The main reason is that profit from service activities decreased by half (to 714 billion dong) while operating expenses increased by nearly 23 percent, making net profit of only 3.519 trillion dong, down 7.7 percent compared to the same period. However, thanks to the reduction in provisioning to 24.6 percent, at the end of 2018, SHB recorded a profit before tax of 2.094 trillion dong, a slight increase of 8.8 percent.
However, this year, SHB has also planned to accelerate strongly with the target charter capital increasing by 5.534 trillion dong to 17.571 trillion dong; total assets reach 372.917 trillion dong; capital mobilisation reach 283.922 trillion dong, up 16.64 percent; credit outstanding climb to 261.592 trillion dong, up 13 percent.
Notably, SHB has the direction of accelerating on the “race track” this year, when setting the target pre-tax profit of 3.068 trillion dong, up to 46.5 percent compared to 2018.
Maritime Joint Stock Commercial Bank (MSB) is another case when in 2018, the bank recorded a profit of over one trillion dong, up to 6.6 times the result achieved in 2017, the highest level in seven years.
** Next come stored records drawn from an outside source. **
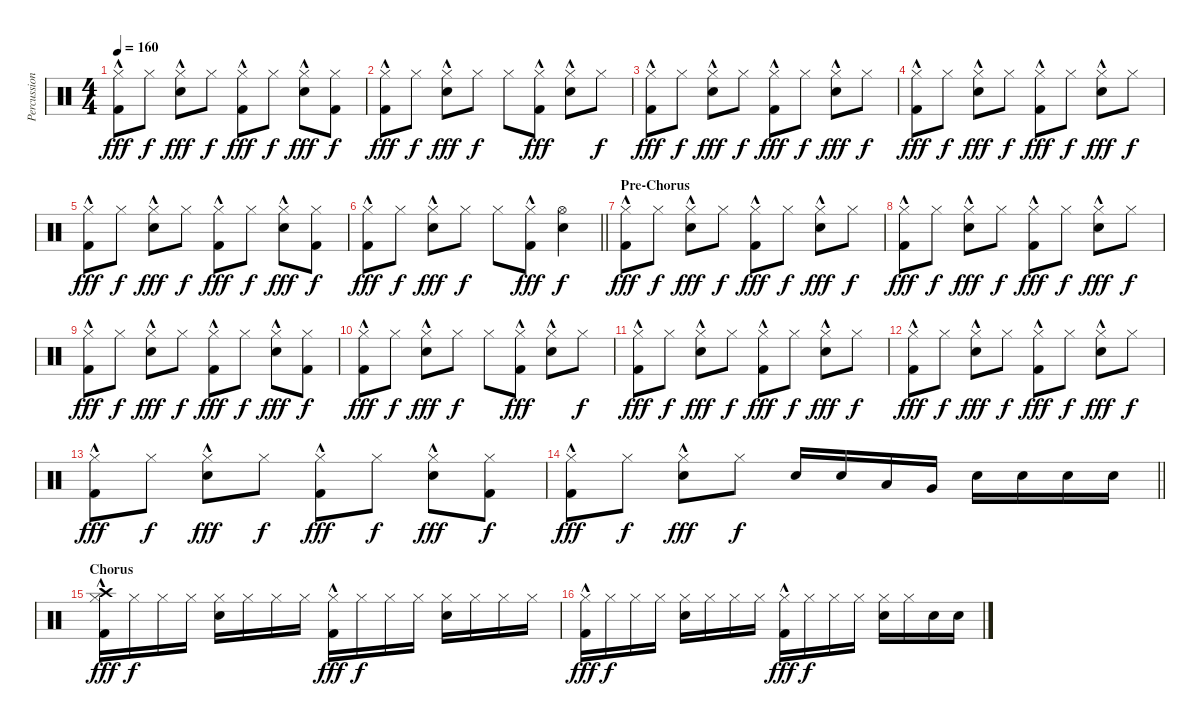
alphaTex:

\track ("Percussion" "Percussion") {instrument percussion}
\staff {score}
\articulation defaults
\ts (4 4)
\tempo 160
\clef neutral
\ks c
("Hi-Hat (closed)"{hac} "Kick (hit) 2").8{dy fff} "Hi-Hat (closed)".8{dy f} ("Hi-Hat (closed)"{hac} "Snare (hit) 2").8{dy fff} "Hi-Hat (closed)".8{dy f} ("Hi-Hat (closed)"{hac} "Kick (hit) 2").8{dy fff} "Hi-Hat (closed)".8{dy f} ("Hi-Hat (closed)"{hac} "Snare (hit) 2").8{dy fff} ("Hi-Hat (closed)" "Kick (hit) 2").8{dy f} |
("Hi-Hat (closed)"{hac} "Kick (hit) 2").8{dy fff} "Hi-Hat (closed)".8{dy f} ("Hi-Hat (closed)"{hac} "Snare (hit) 2").8{dy fff} "Hi-Hat (closed)".8{dy f} "Hi-Hat (closed)".8 ("Hi-Hat (closed)"{hac} "Kick (hit) 2").8{dy fff} ("Hi-Hat (closed)"{hac} "Snare (hit) 2").8 "Hi-Hat (closed)".8{dy f} |
("Hi-Hat (closed)"{hac} "Kick (hit) 2").8{dy fff} "Hi-Hat (closed)".8{dy f} ("Hi-Hat (closed)"{hac} "Snare (hit) 2").8{dy fff} "Hi-Hat (closed)".8{dy f} ("Hi-Hat (closed)"{hac} "Kick (hit) 2").8{dy fff} "Hi-Hat (closed)".8{dy f} ("Hi-Hat (closed)"{hac} "Snare (hit) 2").8{dy fff} "Hi-Hat (closed)".8{dy f} |
("Hi-Hat (closed)"{hac} "Kick (hit) 2").8{dy fff} "Hi-Hat (closed)".8{dy f} ("Hi-Hat (closed)"{hac} "Snare (hit) 2").8{dy fff} "Hi-Hat (closed)".8{dy f} ("Hi-Hat (closed)"{hac} "Kick (hit) 2").8{dy fff} "Hi-Hat (closed)".8{dy f} ("Hi-Hat (closed)"{hac} "Snare (hit) 2").8{dy fff} "Hi-Hat (closed)".8{dy f} |
("Hi-Hat (closed)"{hac} "Kick (hit) 2").8{dy fff} "Hi-Hat (closed)".8{dy f} ("Hi-Hat (closed)"{hac} "Snare (hit) 2").8{dy fff} "Hi-Hat (closed)".8{dy f} ("Hi-Hat (closed)"{hac} "Kick (hit) 2").8{dy fff} "Hi-Hat (closed)".8{dy f} ("Hi-Hat (closed)"{hac} "Snare (hit) 2").8{dy fff} ("Hi-Hat (closed)" "Kick (hit) 2").8{dy f} |
\barLineRight lightlight
("Hi-Hat (closed)"{hac} "Kick (hit) 2").8{dy fff} "Hi-Hat (closed)".8{dy f} ("Hi-Hat (closed)"{hac} "Snare (hit) 2").8{dy fff} "Hi-Hat (closed)".8{dy f} "Hi-Hat (closed)".8 ("Hi-Hat (closed)"{hac} "Kick (hit) 2").8{dy fff} ("Hi-Hat (open)" "Snare (hit) 2").4{dy f} |
\section ("" "Pre-Chorus")
("Hi-Hat (closed)"{hac} "Kick (hit) 2").8{dy fff} "Hi-Hat (closed)".8{dy f} ("Hi-Hat (closed)"{hac} "Snare (hit) 2").8{dy fff} "Hi-Hat (closed)".8{dy f} ("Hi-Hat (closed)"{hac} "Kick (hit) 2").8{dy fff} "Hi-Hat (closed)".8{dy f} ("Hi-Hat (closed)"{hac} "Snare (hit) 2").8{dy fff} "Hi-Hat (closed)".8{dy f} |
("Hi-Hat (closed)"{hac} "Kick (hit) 2").8{dy fff} "Hi-Hat (closed)".8{dy f} ("Hi-Hat (closed)"{hac} "Snare (hit) 2").8{dy fff} "Hi-Hat (closed)".8{dy f} ("Hi-Hat (closed)"{hac} "Kick (hit) 2").8{dy fff} "Hi-Hat (closed)".8{dy f} ("Hi-Hat (closed)"{hac} "Snare (hit) 2").8{dy fff} "Hi-Hat (closed)".8{dy f} |
("Hi-Hat (closed)"{hac} "Kick (hit) 2").8{dy fff} "Hi-Hat (closed)".8{dy f} ("Hi-Hat (closed)"{hac} "Snare (hit) 2").8{dy fff} "Hi-Hat (closed)".8{dy f} ("Hi-Hat (closed)"{hac} "Kick (hit) 2").8{dy fff} "Hi-Hat (closed)".8{dy f} ("Hi-Hat (closed)"{hac} "Snare (hit) 2").8{dy fff} ("Hi-Hat (closed)" "Kick (hit) 2").8{dy f} |
("Hi-Hat (closed)"{hac} "Kick (hit) 2").8{dy fff} "Hi-Hat (closed)".8{dy f} ("Hi-Hat (closed)"{hac} "Snare (hit) 2").8{dy fff} "Hi-Hat (closed)".8{dy f} "Hi-Hat (closed)".8 ("Hi-Hat (closed)"{hac} "Kick (hit) 2").8{dy fff} ("Hi-Hat (closed)"{hac} "Snare (hit) 2").8 "Hi-Hat (closed)".8{dy f} |
("Hi-Hat (closed)"{hac} "Kick (hit) 2").8{dy fff} "Hi-Hat (closed)".8{dy f} ("Hi-Hat (closed)"{hac} "Snare (hit) 2").8{dy fff} "Hi-Hat (closed)".8{dy f} ("Hi-Hat (closed)"{hac} "Kick (hit) 2").8{dy fff} "Hi-Hat (closed)".8{dy f} ("Hi-Hat (closed)"{hac} "Snare (hit) 2").8{dy fff} "Hi-Hat (closed)".8{dy f} |
("Hi-Hat (closed)"{hac} "Kick (hit) 2").8{dy fff} "Hi-Hat (closed)".8{dy f} ("Hi-Hat (closed)"{hac} "Snare (hit) 2").8{dy fff} "Hi-Hat (closed)".8{dy f} ("Hi-Hat (closed)"{hac} "Kick (hit) 2").8{dy fff} "Hi-Hat (closed)".8{dy f} ("Hi-Hat (closed)"{hac} "Snare (hit) 2").8{dy fff} "Hi-Hat (closed)".8{dy f} |
("Hi-Hat (closed)"{hac} "Kick (hit) 2").8{dy fff} "Hi-Hat (closed)".8{dy f} ("Hi-Hat (closed)"{hac} "Snare (hit) 2").8{dy fff} "Hi-Hat (closed)".8{dy f} ("Hi-Hat (closed)"{hac} "Kick (hit) 2").8{dy fff} "Hi-Hat (closed)".8{dy f} ("Hi-Hat (closed)"{hac} "Snare (hit) 2").8{dy fff} ("Hi-Hat (closed)" "Kick (hit) 2").8{dy f} |
\barLineRight lightlight
("Hi-Hat (closed)"{hac} "Kick (hit) 2").8{dy fff} "Hi-Hat (closed)".8{dy f} ("Hi-Hat (closed)"{hac} "Snare (hit) 2").8{dy fff} "Hi-Hat (closed)".8{dy f} "Snare (hit) 2".16 "Snare (hit) 2".16 "Low Tom (hit)".16 "Very Low Tom (hit)".16 "Snare (hit) 2".16 "Snare (hit) 2".16 "Snare (hit) 2".16 "Snare (hit) 2".16 |
\section ("" "Chorus")
("Hi-Hat (closed)"{hac} "Crash high (hit)" "Kick (hit) 2").16{dy fff} "Hi-Hat (closed)".16{dy f} "Hi-Hat (closed)".16 "Hi-Hat (closed)".16 ("Hi-Hat (closed)" "Snare (hit) 2").16 "Hi-Hat (closed)".16 "Hi-Hat (closed)".16 "Hi-Hat (closed)".16 ("Hi-Hat (closed)"{hac} "Kick (hit) 2").16{dy fff} "Hi-Hat (closed)".16{dy f} "Hi-Hat (closed)".16 "Hi-Hat (closed)".16 ("Hi-Hat (closed)" "Snare (hit) 2").16 "Hi-Hat (closed)".16 "Hi-Hat (closed)".16 "Hi-Hat (closed)".16 |
("Hi-Hat (closed)"{hac} "Kick (hit) 2").16{dy fff} "Hi-Hat (closed)".16{dy f} "Hi-Hat (closed)".16 "Hi-Hat (closed)".16 ("Hi-Hat (closed)" "Snare (hit) 2").16 "Hi-Hat (closed)".16 "Hi-Hat (closed)".16 "Hi-Hat (closed)".16 ("Hi-Hat (closed)"{hac} "Kick (hit) 2").16{dy fff} "Hi-Hat (closed)".16{dy f} "Hi-Hat (closed)".16 "Hi-Hat (closed)".16 ("Hi-Hat (closed)" "Snare (hit) 2").16 "Hi-Hat (closed)".16 "Snare (hit) 2".16 "Snare (hit) 2".16

This year, MSB continues to expect profits to reach a new level of 1.86 trillion dong, an increase of 77 percent compared to the previous year. MSB is also one of the banks setting the strongest profit growth this year.
MSB management said that the bank would continue its strategy of shifting to retails, strengthening services, instead of relying mainly on credit. This direction is safe and minimising the risk of credit which is often associated with bad debt.
In addition, MSB will keep investing in large resources and strongly implementing the technology system for digital utilities. Digital bank is MSB’s next strategic shift point of view.
Also this year, MSB is expected to list MSB shares on the Hochiminh Stock Exchange (HOSE) in the third quarter. This is considered the next step to help banks expand scale and transparency in operations.
According to the experts, the bank’s profit in 2019 may not be as strong as the previous year when the credit growth limit of the whole industry is limited to 14 percent, while the bad debt and the potential bad debt are still quite large.
This is also the reason most banks are quite cautious when making business plans for this year.
However, as above, there are many cases towards high profit growth targets. And this year’s “race” is expected to be more dramatic with the rise of mid-range banking groups.